**BRIEF**. Using the data below, gather each line that includes the word "listed".
────────────────────
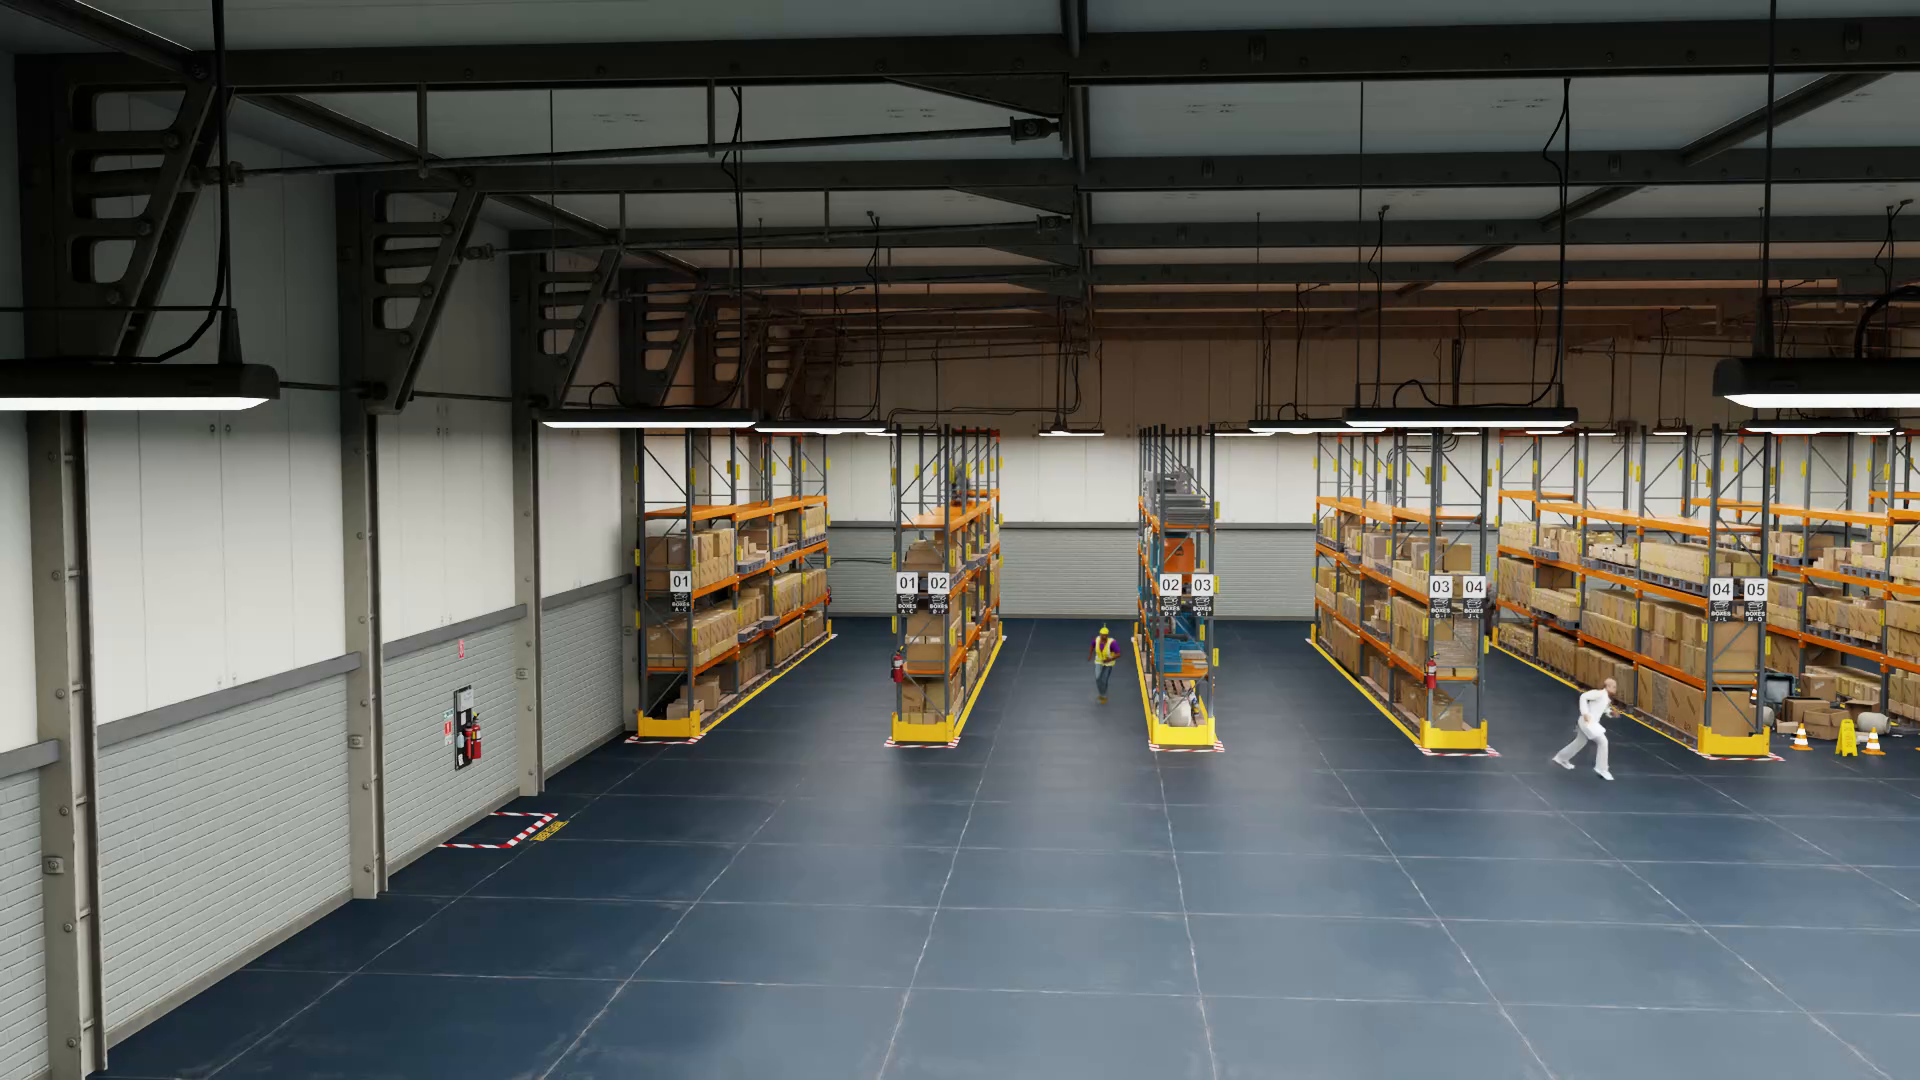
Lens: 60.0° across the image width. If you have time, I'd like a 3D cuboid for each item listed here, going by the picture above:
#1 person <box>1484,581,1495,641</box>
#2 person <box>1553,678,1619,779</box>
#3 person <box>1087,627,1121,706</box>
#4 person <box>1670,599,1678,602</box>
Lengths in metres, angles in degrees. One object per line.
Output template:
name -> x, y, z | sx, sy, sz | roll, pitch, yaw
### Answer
person -> 14.923, 2.004, 47.191 | 0.605, 1.686, 0.677 | 0, 3, -2
person -> 10.618, 3.188, 28.236 | 1.060, 1.744, 0.753 | 3, 4, 37
person -> 3.135, 2.700, 36.051 | 0.749, 1.695, 0.872 | 1, 4, 13
person -> 20.419, 2.056, 47.276 | 0.662, 1.569, 0.506 | -1, 4, -9
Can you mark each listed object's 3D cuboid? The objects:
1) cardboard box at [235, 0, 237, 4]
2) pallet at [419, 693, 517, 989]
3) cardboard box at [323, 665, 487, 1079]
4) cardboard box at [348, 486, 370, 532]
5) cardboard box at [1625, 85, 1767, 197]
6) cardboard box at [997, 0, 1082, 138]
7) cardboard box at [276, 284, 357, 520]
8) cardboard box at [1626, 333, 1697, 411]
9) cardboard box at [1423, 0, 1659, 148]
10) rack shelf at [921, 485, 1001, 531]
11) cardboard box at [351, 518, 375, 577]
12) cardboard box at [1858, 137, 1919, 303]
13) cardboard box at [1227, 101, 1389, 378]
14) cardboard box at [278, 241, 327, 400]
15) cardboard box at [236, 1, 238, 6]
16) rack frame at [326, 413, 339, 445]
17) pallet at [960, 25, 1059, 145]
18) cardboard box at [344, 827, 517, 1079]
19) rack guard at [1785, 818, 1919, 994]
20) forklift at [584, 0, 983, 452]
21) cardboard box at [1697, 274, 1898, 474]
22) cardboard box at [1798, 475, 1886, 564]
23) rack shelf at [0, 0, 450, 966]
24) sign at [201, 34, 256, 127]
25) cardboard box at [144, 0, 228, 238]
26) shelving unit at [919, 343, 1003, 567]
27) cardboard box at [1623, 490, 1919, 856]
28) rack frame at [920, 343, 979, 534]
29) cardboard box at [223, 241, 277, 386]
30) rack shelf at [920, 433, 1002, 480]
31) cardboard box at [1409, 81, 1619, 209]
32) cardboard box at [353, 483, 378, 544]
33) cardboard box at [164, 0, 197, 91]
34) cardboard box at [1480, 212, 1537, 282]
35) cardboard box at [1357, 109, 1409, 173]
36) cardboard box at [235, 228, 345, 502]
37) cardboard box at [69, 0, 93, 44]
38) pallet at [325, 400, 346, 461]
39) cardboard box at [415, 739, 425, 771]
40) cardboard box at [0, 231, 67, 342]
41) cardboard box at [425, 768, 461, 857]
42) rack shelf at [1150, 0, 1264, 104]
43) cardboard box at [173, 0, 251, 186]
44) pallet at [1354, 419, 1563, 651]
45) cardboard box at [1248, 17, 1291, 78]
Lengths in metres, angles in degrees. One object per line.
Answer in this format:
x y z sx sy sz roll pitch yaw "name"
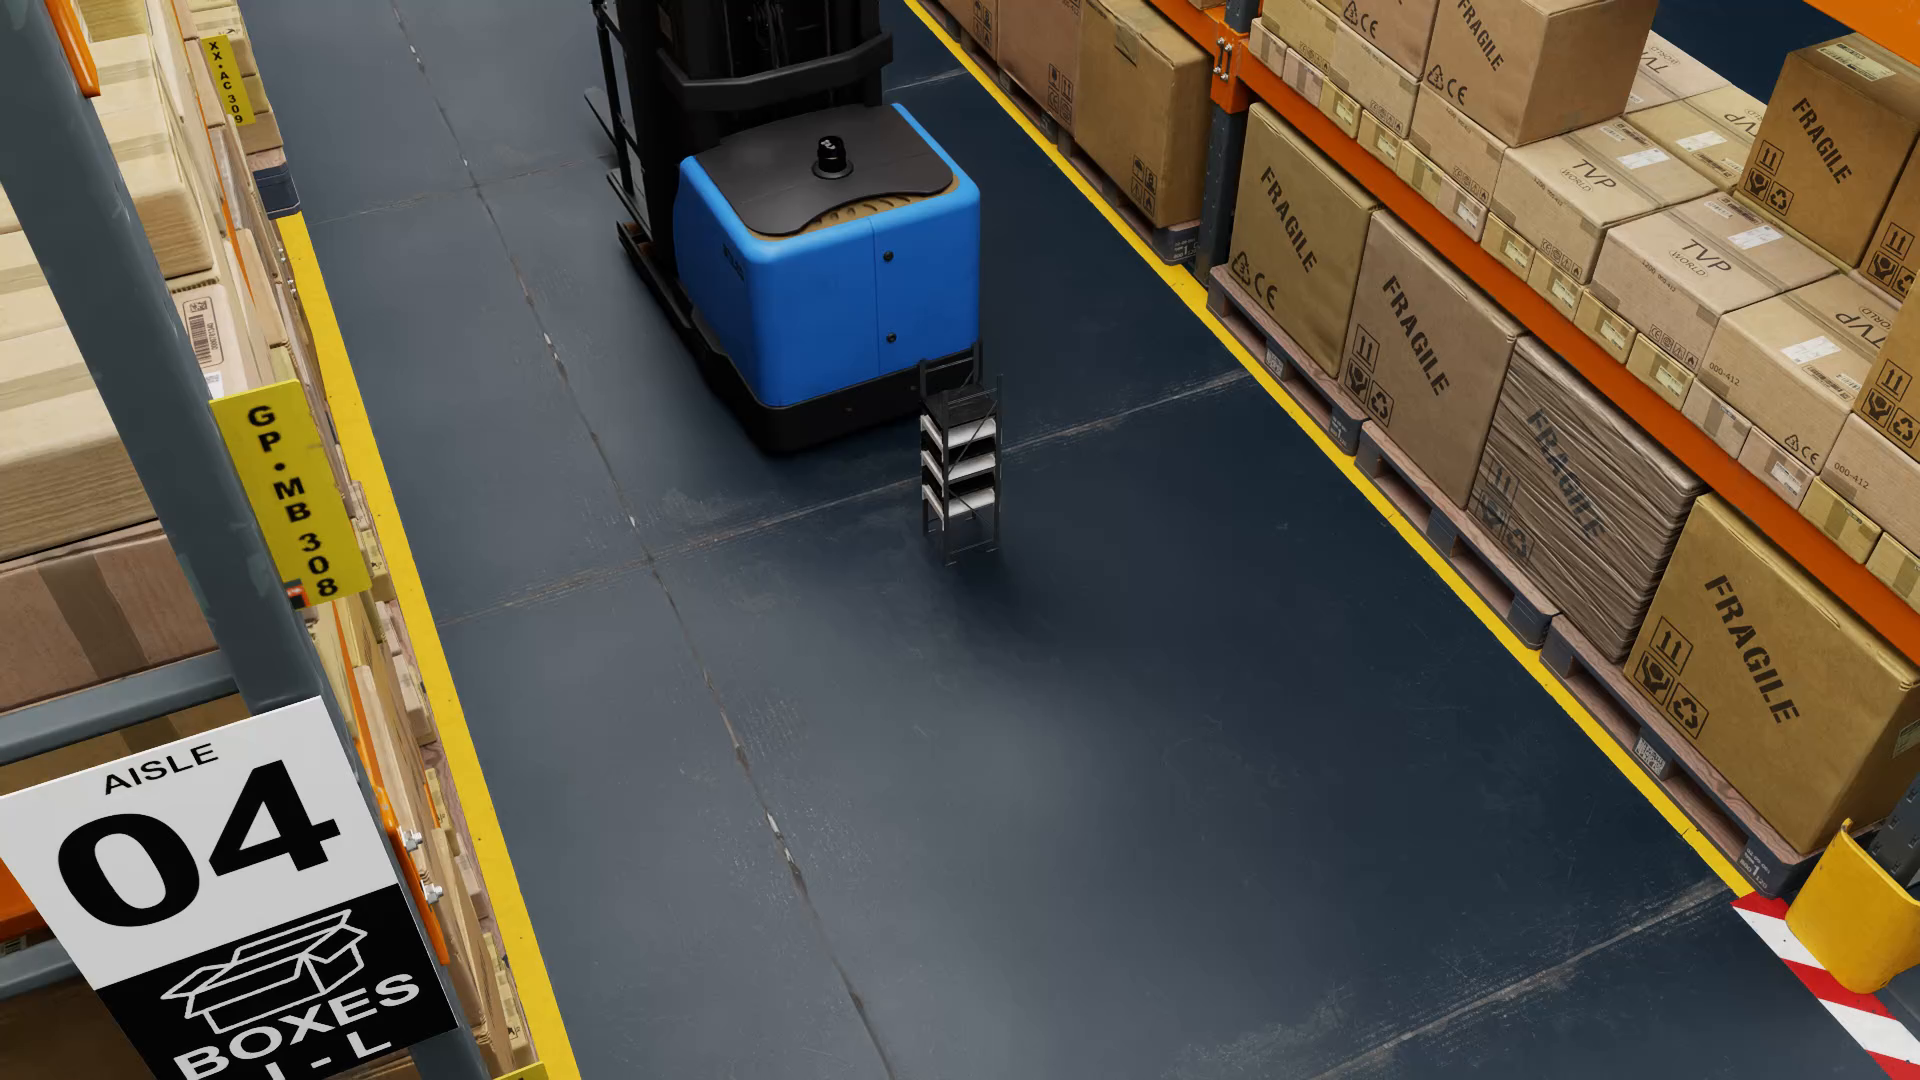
────────────────────
**TASK ANSWER**.
Lens: 60.0° across the image width. If you have time, I'd like a 3D cuboid for each item listed here, going by the picture above:
Can you mark each listed object's 3D cuboid? The objects:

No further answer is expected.